Given mass number of gold `= 197`, Density of gold `= 19.7 g cm^(-3)`. The radius of the gold atom is approximately:

To find the radius of a gold atom given its mass number and density, we can follow these steps: ### Step-by-Step Solution: 1. **Given Values**: - Mass number of gold (A) = 197 - Density of gold (D) = 19.7 g/cm³ 2. **Convert Mass Number to Mass**: The mass of a single gold atom can be calculated using the mass number.
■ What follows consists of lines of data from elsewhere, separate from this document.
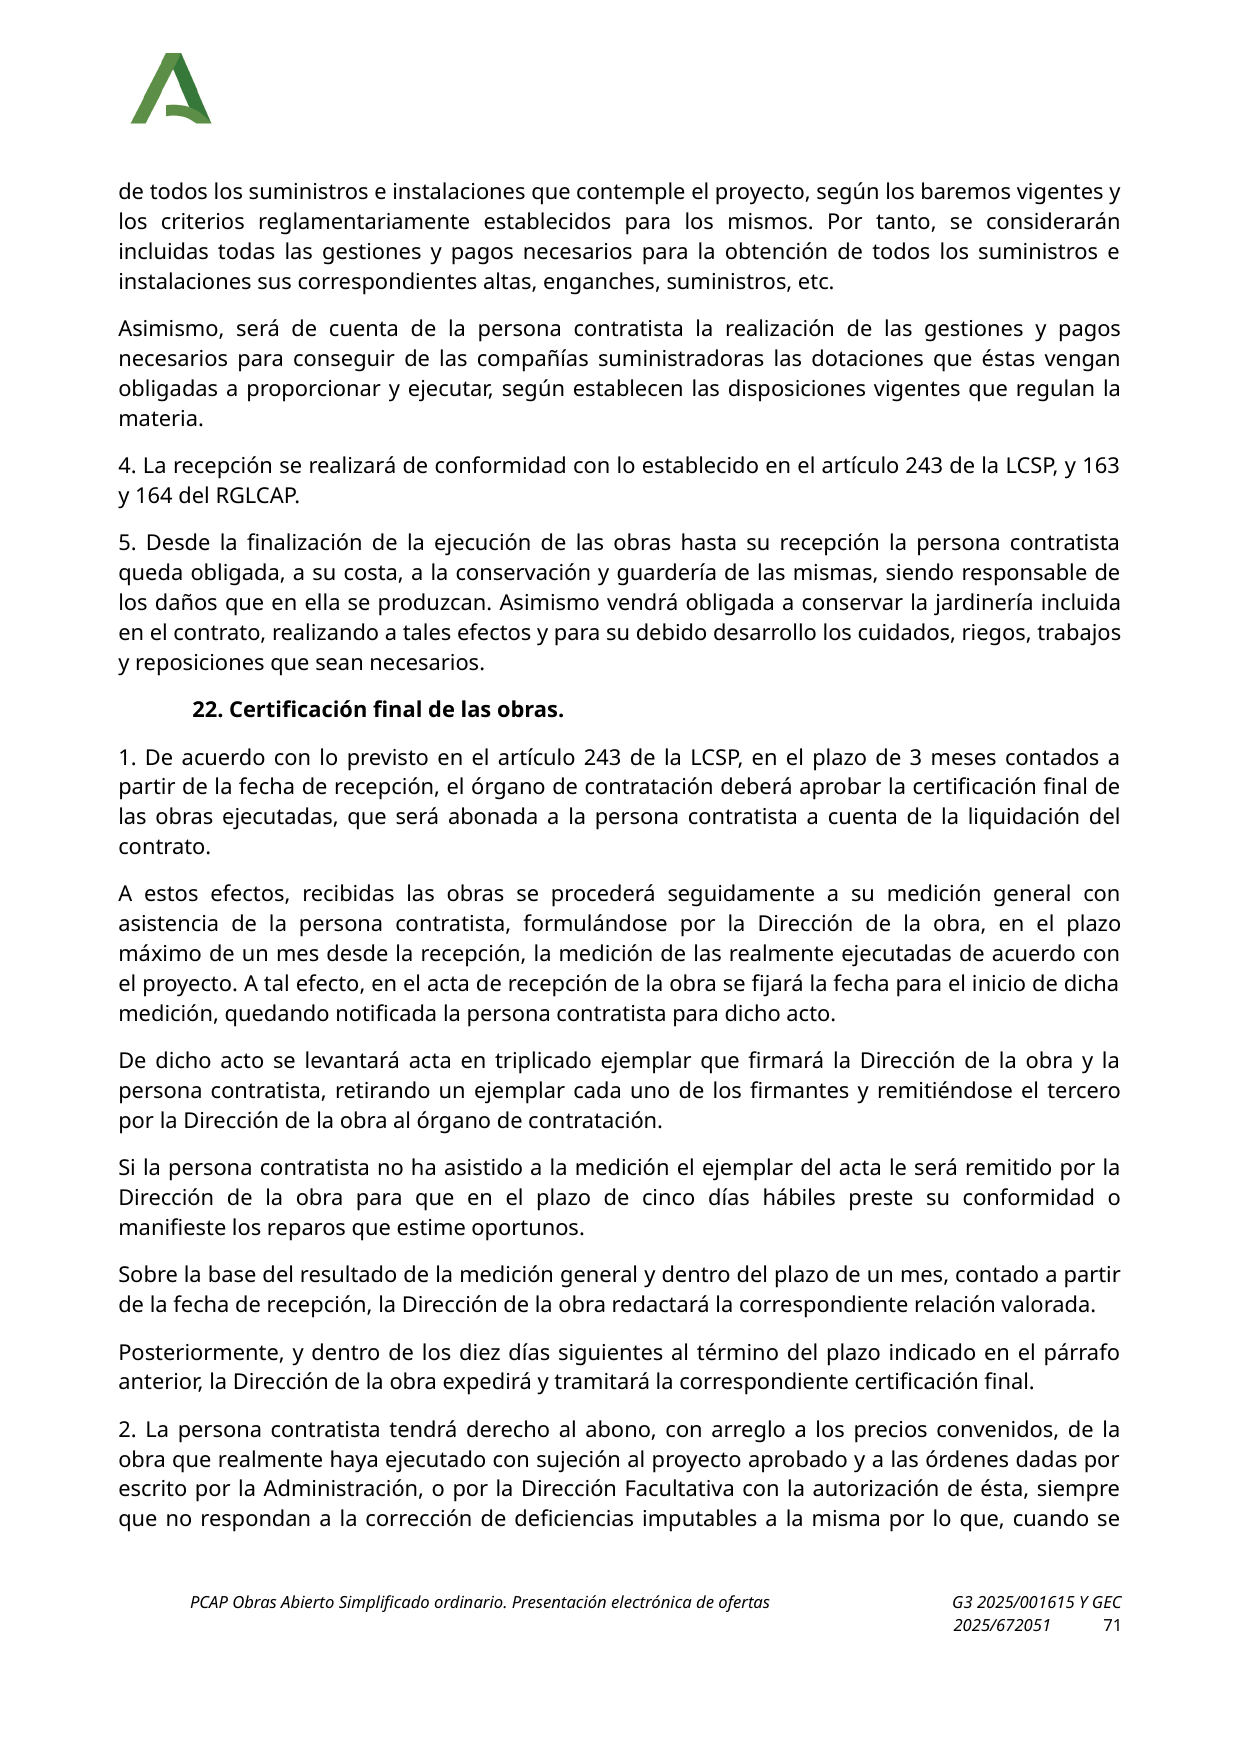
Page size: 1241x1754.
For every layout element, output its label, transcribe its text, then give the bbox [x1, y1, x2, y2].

text A estos efectos, recibidas las obras se procederá seguidamente a su medición general con asistencia de la persona contratista, formulándose por la Dirección de la obra, en el plazo máximo de un mes desde la recepción, la medición de las realmente ejecutadas de acuerdo con el proyecto. A tal efecto, en el acta de recepción de la obra se fijará la fecha para el inicio de dicha medición, quedando notificada la persona contratista para dicho acto. [118, 878, 1122, 1027]
subtitle 22. Certificación final de las obras. [118, 694, 1122, 724]
picture [127, 48, 216, 128]
text de todos los suministros e instalaciones que contemple el proyecto, según los baremos vigentes y los criterios reglamentariamente establecidos para los mismos. Por tanto, se considerarán incluidas todas las gestiones y pagos necesarios para la obtención de todos los suministros e instalaciones sus correspondientes altas, enganches, suministros, etc. [118, 176, 1122, 296]
text Asimismo, será de cuenta de la persona contratista la realización de las gestiones y pagos necesarios para conseguir de las compañías suministradoras las dotaciones que éstas vengan obligadas a proporcionar y ejecutar, según establecen las disposiciones vigentes que regulan la materia. [118, 313, 1122, 432]
text De dicho acto se levantará acta en triplicado ejemplar que firmará la Dirección de la obra y la persona contratista, retirando un ejemplar cada uno de los firmantes y remitiéndose el tercero por la Dirección de la obra al órgano de contratación. [118, 1045, 1122, 1134]
text 4. La recepción se realizará de conformidad con lo establecido en el artículo 243 de la LCSP, y 163 y 164 del RGLCAP. [118, 450, 1122, 510]
text 1. De acuerdo con lo previsto en el artículo 243 de la LCSP, en el plazo de 3 meses contados a partir de la fecha de recepción, el órgano de contratación deberá aprobar la certificación final de las obras ejecutadas, que será abonada a la persona contratista a cuenta de la liquidación del contrato. [118, 742, 1122, 861]
text Posteriormente, y dentro de los diez días siguientes al término del plazo indicado en el párrafo anterior, la Dirección de la obra expedirá y tramitará la correspondiente certificación final. [118, 1337, 1122, 1396]
text 5. Desde la finalización de la ejecución de las obras hasta su recepción la persona contratista queda obligada, a su costa, a la conservación y guardería de las mismas, siendo responsable de los daños que en ella se produzcan. Asimismo vendrá obligada a conservar la jardinería incluida en el contrato, realizando a tales efectos y para su debido desarrollo los cuidados, riegos, trabajos y reposiciones que sean necesarios. [118, 527, 1122, 676]
text Sobre la base del resultado de la medición general y dentro del plazo de un mes, contado a partir de la fecha de recepción, la Dirección de la obra redactará la correspondiente relación valorada. [118, 1259, 1122, 1319]
text Si la persona contratista no ha asistido a la medición el ejemplar del acta le será remitido por la Dirección de la obra para que en el plazo de cinco días hábiles preste su conformidad o manifieste los reparos que estime oportunos. [118, 1152, 1122, 1242]
text 2. La persona contratista tendrá derecho al abono, con arreglo a los precios convenidos, de la obra que realmente haya ejecutado con sujeción al proyecto aprobado y a las órdenes dadas por escrito por la Administración, o por la Dirección Facultativa con la autorización de ésta, siempre que no respondan a la corrección de deficiencias imputables a la misma por lo que, cuando se [118, 1414, 1122, 1533]

The mass of one atom in grams can be found using the formula: \[ m = A \times 1.66 \times 10^{-27} \text{ kg} \] Since we need the mass in grams, we convert kilograms to grams: \[ m = 197 \times 1.66 \times 10^{-27} \text{ kg} \times 1000 \text{ g/kg} = 3.27 \times 10^{-25} \text{ g} \] 3. **Density Formula**: The density (D) is defined as mass (m) divided by volume (V): \[ D = \frac{m}{V} \] Rearranging this gives us: \[ V = \frac{m}{D} \] 4. **Volume of a Sphere**: The volume of a sphere (which we can approximate for the atom) is given by: \[ V = \frac{4}{3} \pi r^3 \] Setting the two expressions for volume equal gives: \[ \frac{4}{3} \pi r^3 = \frac{m}{D} \] 5. **Solve for Radius**: Rearranging for \( r^3 \): \[ r^3 = \frac{3m}{4\pi D} \] Now substituting the values we have: \[ r^3 = \frac{3 \times (3.27 \times 10^{-25} \text{ g})}{4\pi \times (19.7 \text{ g/cm}^3)} \] 6. **Calculate \( r^3 \)**: First, calculate the denominator: \[ 4\pi \times 19.7 \approx 247.5 \text{ g/cm}^3 \] Now substituting this into the equation: \[ r^3 = \frac{3 \times 3.27 \times 10^{-25}}{247.5} \approx 3.97 \times 10^{-27} \text{ cm}^3 \] 7. **Finding the Radius**: To find \( r \), take the cube root: \[ r \approx \sqrt[3]{3.97 \times 10^{-27}} \approx 1.56 \times 10^{-9} \text{ cm} = 1.56 \text{ Å} \] ### Final Answer: The radius of the gold atom is approximately \( 1.56 \text{ Å} \).